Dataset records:
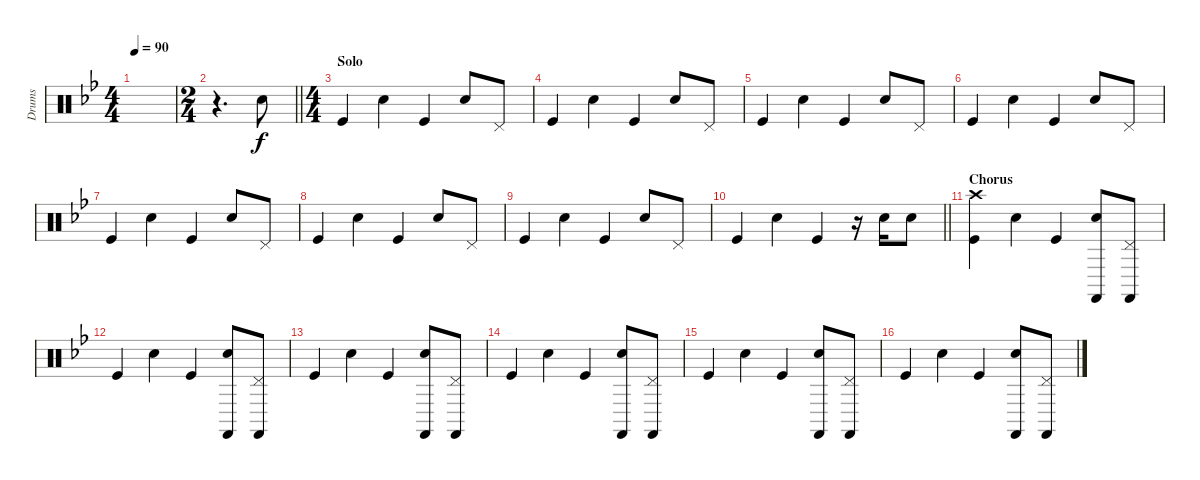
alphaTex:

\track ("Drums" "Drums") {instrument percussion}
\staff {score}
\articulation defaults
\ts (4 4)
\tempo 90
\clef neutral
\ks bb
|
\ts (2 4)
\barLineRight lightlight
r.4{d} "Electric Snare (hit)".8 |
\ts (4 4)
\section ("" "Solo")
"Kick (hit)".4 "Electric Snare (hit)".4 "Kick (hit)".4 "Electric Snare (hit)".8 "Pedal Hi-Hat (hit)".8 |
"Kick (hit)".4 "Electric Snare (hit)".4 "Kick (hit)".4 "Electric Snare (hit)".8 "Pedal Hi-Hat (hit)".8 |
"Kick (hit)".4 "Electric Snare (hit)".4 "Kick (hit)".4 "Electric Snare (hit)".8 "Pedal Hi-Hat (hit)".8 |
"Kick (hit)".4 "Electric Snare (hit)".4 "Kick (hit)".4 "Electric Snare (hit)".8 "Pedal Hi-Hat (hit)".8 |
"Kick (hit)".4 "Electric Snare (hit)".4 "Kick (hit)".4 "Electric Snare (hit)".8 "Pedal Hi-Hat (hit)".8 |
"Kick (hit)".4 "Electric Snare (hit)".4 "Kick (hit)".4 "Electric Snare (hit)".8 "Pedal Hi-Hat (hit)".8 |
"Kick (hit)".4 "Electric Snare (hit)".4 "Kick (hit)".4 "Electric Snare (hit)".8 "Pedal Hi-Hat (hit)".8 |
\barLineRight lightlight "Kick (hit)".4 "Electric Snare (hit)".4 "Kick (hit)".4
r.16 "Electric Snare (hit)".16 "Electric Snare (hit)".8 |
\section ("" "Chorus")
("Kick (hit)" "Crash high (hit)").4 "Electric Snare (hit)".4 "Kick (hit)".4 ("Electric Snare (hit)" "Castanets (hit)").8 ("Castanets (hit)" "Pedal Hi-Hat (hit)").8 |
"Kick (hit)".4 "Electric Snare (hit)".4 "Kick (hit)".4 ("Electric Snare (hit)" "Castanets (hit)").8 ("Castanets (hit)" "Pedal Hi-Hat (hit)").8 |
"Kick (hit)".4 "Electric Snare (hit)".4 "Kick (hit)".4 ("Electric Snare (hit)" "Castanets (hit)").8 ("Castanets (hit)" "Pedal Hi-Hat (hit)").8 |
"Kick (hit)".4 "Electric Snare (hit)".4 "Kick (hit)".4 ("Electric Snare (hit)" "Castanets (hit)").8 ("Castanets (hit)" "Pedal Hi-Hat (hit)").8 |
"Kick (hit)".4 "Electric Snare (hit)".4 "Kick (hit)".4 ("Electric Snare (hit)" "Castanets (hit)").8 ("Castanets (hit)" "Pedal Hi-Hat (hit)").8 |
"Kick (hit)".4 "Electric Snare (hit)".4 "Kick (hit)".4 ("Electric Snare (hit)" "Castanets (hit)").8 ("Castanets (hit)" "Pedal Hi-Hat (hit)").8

* HOW TO COMPLETE THIS TASK
Carry over each record above character for character, with the pictures left out.

* REPLY
alphaTex:

\track ("Drums" "Drums") {instrument percussion}
\staff {score}
\articulation defaults
\ts (4 4)
\tempo 90
\clef neutral
\ks bb
|
\ts (2 4)
\barLineRight lightlight
r.4{d} "Electric Snare (hit)".8 |
\ts (4 4)
\section ("" "Solo")
"Kick (hit)".4 "Electric Snare (hit)".4 "Kick (hit)".4 "Electric Snare (hit)".8 "Pedal Hi-Hat (hit)".8 |
"Kick (hit)".4 "Electric Snare (hit)".4 "Kick (hit)".4 "Electric Snare (hit)".8 "Pedal Hi-Hat (hit)".8 |
"Kick (hit)".4 "Electric Snare (hit)".4 "Kick (hit)".4 "Electric Snare (hit)".8 "Pedal Hi-Hat (hit)".8 |
"Kick (hit)".4 "Electric Snare (hit)".4 "Kick (hit)".4 "Electric Snare (hit)".8 "Pedal Hi-Hat (hit)".8 |
"Kick (hit)".4 "Electric Snare (hit)".4 "Kick (hit)".4 "Electric Snare (hit)".8 "Pedal Hi-Hat (hit)".8 |
"Kick (hit)".4 "Electric Snare (hit)".4 "Kick (hit)".4 "Electric Snare (hit)".8 "Pedal Hi-Hat (hit)".8 |
"Kick (hit)".4 "Electric Snare (hit)".4 "Kick (hit)".4 "Electric Snare (hit)".8 "Pedal Hi-Hat (hit)".8 |
\barLineRight lightlight "Kick (hit)".4 "Electric Snare (hit)".4 "Kick (hit)".4
r.16 "Electric Snare (hit)".16 "Electric Snare (hit)".8 |
\section ("" "Chorus")
("Kick (hit)" "Crash high (hit)").4 "Electric Snare (hit)".4 "Kick (hit)".4 ("Electric Snare (hit)" "Castanets (hit)").8 ("Castanets (hit)" "Pedal Hi-Hat (hit)").8 |
"Kick (hit)".4 "Electric Snare (hit)".4 "Kick (hit)".4 ("Electric Snare (hit)" "Castanets (hit)").8 ("Castanets (hit)" "Pedal Hi-Hat (hit)").8 |
"Kick (hit)".4 "Electric Snare (hit)".4 "Kick (hit)".4 ("Electric Snare (hit)" "Castanets (hit)").8 ("Castanets (hit)" "Pedal Hi-Hat (hit)").8 |
"Kick (hit)".4 "Electric Snare (hit)".4 "Kick (hit)".4 ("Electric Snare (hit)" "Castanets (hit)").8 ("Castanets (hit)" "Pedal Hi-Hat (hit)").8 |
"Kick (hit)".4 "Electric Snare (hit)".4 "Kick (hit)".4 ("Electric Snare (hit)" "Castanets (hit)").8 ("Castanets (hit)" "Pedal Hi-Hat (hit)").8 |
"Kick (hit)".4 "Electric Snare (hit)".4 "Kick (hit)".4 ("Electric Snare (hit)" "Castanets (hit)").8 ("Castanets (hit)" "Pedal Hi-Hat (hit)").8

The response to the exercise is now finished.